On Tue, Feb 24, 2009 at 08:20:31AM -0600, Gunnar Wolf wrote:
> Interesting. And yes, illustrative of the historically (and, should I
> add, ridiculous? No, I'd better not ;-) ) rivality between Linux and
> the *BSDs, big egos included. 

Well, the last time we tried to make reasonable accomodations for
*BSD's, some of the biggest biggest whiners^H^H^H^H^H^H^H complaints
came from Debian.  In fact, some later complaints from Debianites
about the lack of /usr/libexec is largely the fault of Ian Jackson,
who ***strenuously*** opposed /usr/libexec on the mail thread which I
quoted.  In fact, as I recall, he threatened to rally all of Debian
NOT to support the FSSTND/FHS if we didn't drop /usr/libexec from the
draft spec.   Ah, history.....

The painful fact of the matter is that anytime a draft like the FHS
forces any distribution or OS to change, there will be opposition.  In
some cases it will be principled and constructive.  In other cases, it
will question the spec writers' technical judgement, ethics, and even
their paternity.

> However, Linux's position WRT the commercial Unixes has radically
> shifted in the last decade. Linux is no longer considered a toy, and
> is taken seriously into account. So, even with the big inertia that
> might hamper more than one initiative, perhaps the FHS could be pushed
> in collaboration with their respective companies? At least, I'd be
> surprised if -say- the Solaris or HPUX people weren't open to
> discussion leading to better interoperability.

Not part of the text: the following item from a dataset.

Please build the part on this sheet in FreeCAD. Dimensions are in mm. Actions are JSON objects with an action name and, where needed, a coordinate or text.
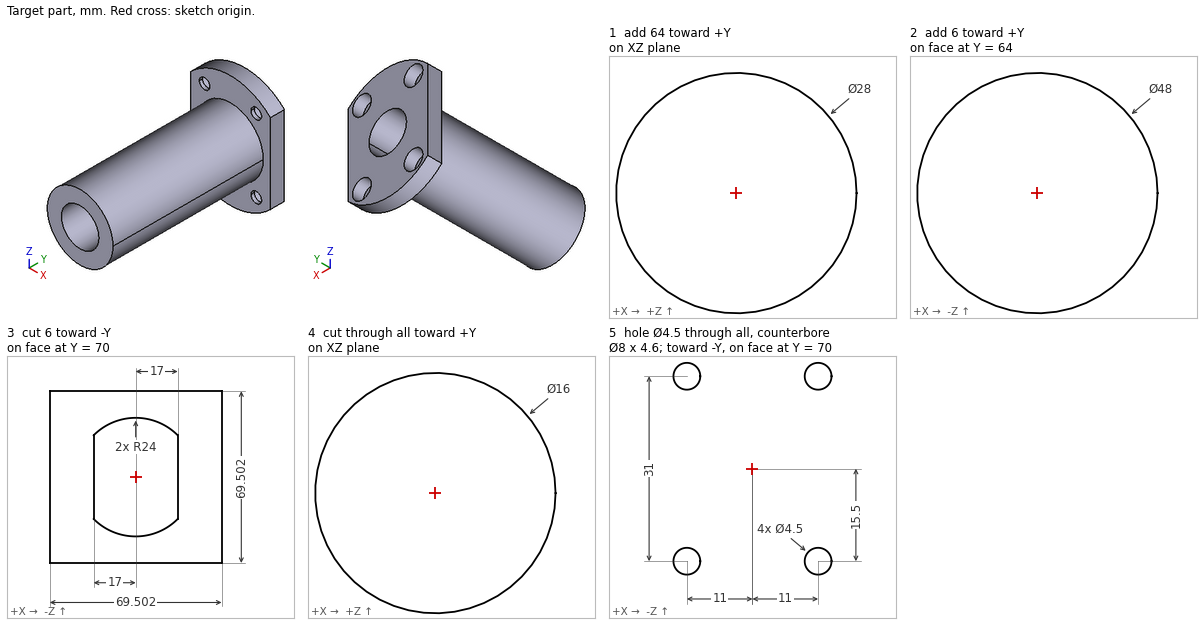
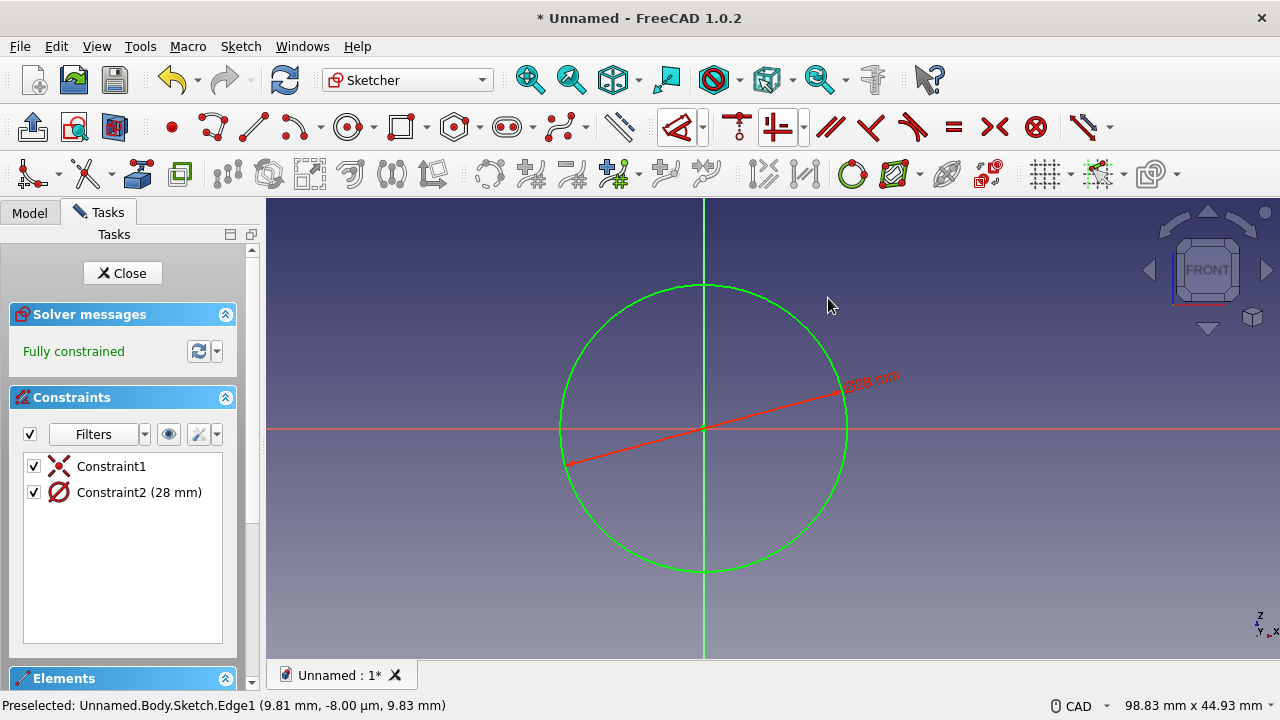
{"action": "left_click", "coordinate": [123, 273]}

Last I heard, HPUX is on maintenance life-support, and they don't have
enough engineers to make sure their userspace is uptodate.

And as far as Solaris is concerned, they currently have a project to
update to a 16-year-old shell (ksh93) in their distribution.  Solaris
has constraints on their filesystem so they can be compatible with the
1986-era SVID specification.  Can you really see Linux distributions
embracing installing a 3 decade-old awk in /bin/awk, a 2 decade-old
awk in /usr/xpg4/bin/awk, with no GNU extensions allowed, just to be
compatible with Solaris?

I thought not.

Look, the proprietary Unix systems as a whole are losing market share;
Linux is gaining market share.  The *only* proprietary Unix that
gained market share last year was AIX, and it has a Linux
compatibility subsystem, AIX 5L.  Fundamentally, I just don't see
Debian, Red Hat, SuSE, Ubuntu, et. al, all making changes in were
things are installed just to accomodate Solaris --- or any other
legacy Unix system.

Do you?  Especially given the flames raised last time by folks like
Ian Jackson --- who is, I might remind you, still on the Debian
Technical Committee and is still considered one of Debian's technical

Maybe I'm being too cynical, but I just don't see it.